*****

Po kiego grzyba nam się rodzić, skoro i tak umrzemy? Zakładając, że istnieje tam na górze jakiś spizgany czarodziej, po jaką cholerę torturuje każdego z nas dając nam to życie, tylko po to aby później je zabrać, z czym często wiążę się dodatkowy ból po utracie ukochanej osoby. Zastanawiacie się po co to piszę? Też zadawałem sobie to pytanie. Tak szczerze dlatego że złość i gorycz przeżerają mnie od środka jak kwas fosforowy. Nigdy nie wyraziłem zgody na to żeby się urodzić. I teraz mam dość spory dylemat. Nie mogę się zabić, bo jestem tchórzem i pizdą, pozostaje mi czekać aż mój czas w końcu nadejdzie, jeżeli ten cały „bóg” istnieje, to przysięgam, że pierwsze co zrobię jak tam trafię to zapierdolę mu takiego gonga, że długo mu aniołki wokół głowy latać będą

10
3

Komentarze do "*****"

  1. chujowiczu! zarabiaj z kluu.pl, bez działalności gospodarczej, konto automatycznie weryfikowane
  2. Też się nad tym zastanawiałam, nie prosiłam się na ten świat. Jeszcze się dowiedziałam, że byłam wpadką. Ale jakby spojrzeć na to z innej strony, jak już tu jestem, to może coś z tego życia da się wyciągnąć pozytywnego.

    3

    0
    Odpowiedz
    1. Jedyne, co można w życiu wyciągnąć, to KOPYTA.
      😉

      2

      0
      Odpowiedz
    2. Zapewne tak, lecz finalnie i tak będziesz musiała się z tym rozstać. Wszyscy kiedyś zmienimy się w nawóz

      0

      0
      Odpowiedz
  3. Też tak myslalem o życiu i śmierci i to nawet kurwa wczoraj.

    3

    0
    Odpowiedz
  4. Jakby to było możliwe, to już dawno by kto umarł to kurwa zrobił.
    I byłby Nowy Ład XD.

    2

    0
    Odpowiedz
  5. Są dwa Bogi – Kutko i Mili. Kutko to by Cie wyruchał w dupe a Mili zapierdolił w pierwszej rundzie. Pozdrawiam – Testo.

    0

    0
    Odpowiedz
  6. ” jeżeli ten cały „bóg” istnieje, to przysięgam, że pierwsze co zrobię jak tam trafię to zapierdolę mu takiego gonga, że długo mu aniołki wokół głowy latać będą”

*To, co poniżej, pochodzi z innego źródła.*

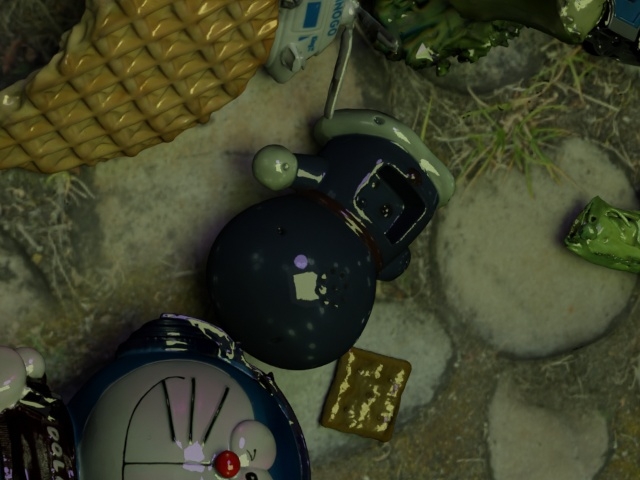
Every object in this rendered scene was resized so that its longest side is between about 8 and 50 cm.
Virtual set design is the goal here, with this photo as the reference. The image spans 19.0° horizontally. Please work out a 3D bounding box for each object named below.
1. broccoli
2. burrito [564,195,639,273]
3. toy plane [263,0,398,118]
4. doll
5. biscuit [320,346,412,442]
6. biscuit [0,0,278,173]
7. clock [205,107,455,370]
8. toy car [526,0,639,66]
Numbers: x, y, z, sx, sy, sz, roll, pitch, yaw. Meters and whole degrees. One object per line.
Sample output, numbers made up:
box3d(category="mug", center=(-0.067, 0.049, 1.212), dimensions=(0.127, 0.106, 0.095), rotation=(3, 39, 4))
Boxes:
box3d(category="broccoli", center=(0.139, -0.256, 1.674), dimensions=(0.177, 0.275, 0.199), rotation=(-28, 100, -22))
box3d(category="burrito", center=(0.370, -0.008, 1.971), dimensions=(0.288, 0.054, 0.104), rotation=(8, 93, -31))
box3d(category="toy plane", center=(0.003, -0.239, 1.631), dimensions=(0.107, 0.273, 0.182), rotation=(-8, 65, -25))
box3d(category="doll", center=(-0.159, 0.204, 1.600), dimensions=(0.309, 0.240, 0.284), rotation=(-3, 75, -15))
box3d(category="biscuit", center=(0.044, 0.146, 1.827), dimensions=(0.081, 0.018, 0.083), rotation=(19, 88, -30))
box3d(category="biscuit", center=(-0.144, -0.137, 1.552), dimensions=(0.204, 0.309, 0.040), rotation=(10, 51, -48))
box3d(category="clock", center=(0.000, 0.000, 1.711), dimensions=(0.243, 0.146, 0.199), rotation=(-52, 121, -22))
box3d(category="toy car", center=(0.271, -0.235, 1.853), dimensions=(0.191, 0.097, 0.100), rotation=(22, 85, -31))

    To jest nas dwóch, patałachu. 😉 /Mesio PS. Nikt z nas nie chciał tu być. Na to się nie ma wpływu. Ślepy przypadek po prostu.
    PS2. A jak się nie ma po co żyć? To się żyje na złość innym. 😉

    3

    1
    Odpowiedz
    1. Przecież ty masz 17 tysi netto, a teraz już podobno 25 tysi netto miesięcznie.
      Kurwa, i ty jesteś nieszczęśliwy?!

      0

      0
      Odpowiedz
  7. Choć kurwa postanowiłem już nic nie dodawac na forum, to twój post autorze postu jest idealnym pretekstem by wreszcie ludziom wytłumaczyć kto to są „antyrodzice”, bo nie zatrybili, bo im trzeba wyłożyć kawę na ławę, bo inaczej nie rozumieją!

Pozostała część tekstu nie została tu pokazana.